The expected frequency for each cell is calculated as:

Expected Frequency = (Row Total * Column Total) / Grand Total

Expected (Technical, Professional) = (107 * 87) / 220 ≈ 42.34
Expected (Technical, Personal) = (107 * 65) / 220 ≈ 31.65
Expected (Technical, Both) = (107 * 68) / 220 ≈ 33.01
Expected (Other, Professional) = (113 * 87) / 220 ≈ 44.66
Expected (Other, Personal) = (113 * 65) / 220 ≈ 33.35
Expected (Other, Both) = (113 * 68) / 220 ≈ 34.99
4. Calculate the Chi-Square Statistic:

The chi-square statistic (χ²) is calculated using the formula:

χ² = Σ [(Observed - Expected)² / Expected]

χ² = [(38 - 42.34)² / 42.34] + [(35 - 31.65)² / 31.65] + [(34 - 33.01)² / 33.01] + [(49 - 44.66)² / 44.66] + [(30 - 33.35)² / 33.35] + [(34 - 34.99)² / 34.99]

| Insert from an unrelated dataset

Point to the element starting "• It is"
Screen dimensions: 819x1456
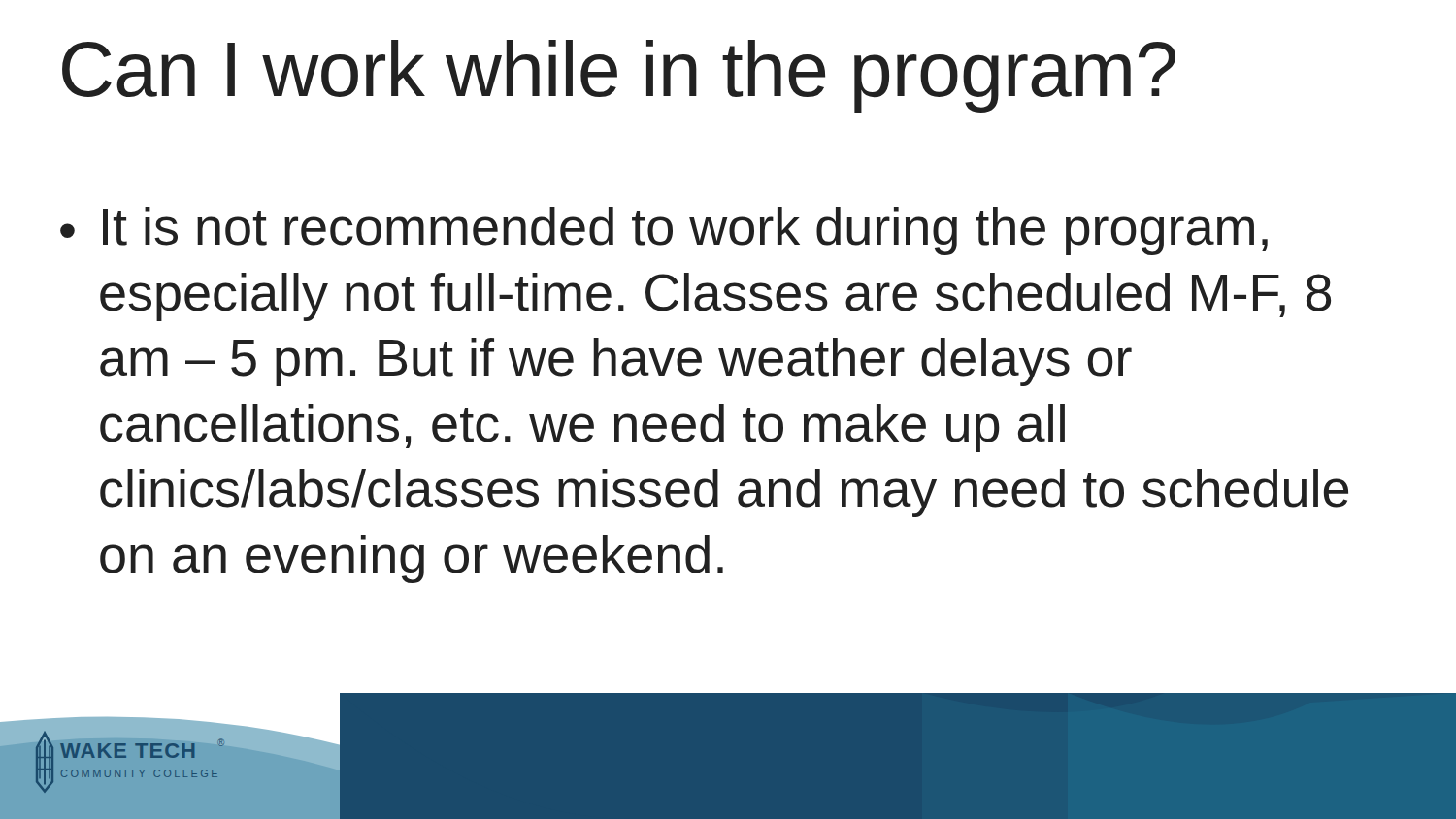(728, 391)

χ² ≈ 0.457 + 0.354 + 0.029 + 0.413 + 0.334 + 0.028

χ² ≈ 1.615

Using Technology:

As shown by the provided python code, using the scipy library the chi-square statistic is calculated as 1.612983358368212.

Answer:

The test statistic (chi-square statistic) is approximately 1.613.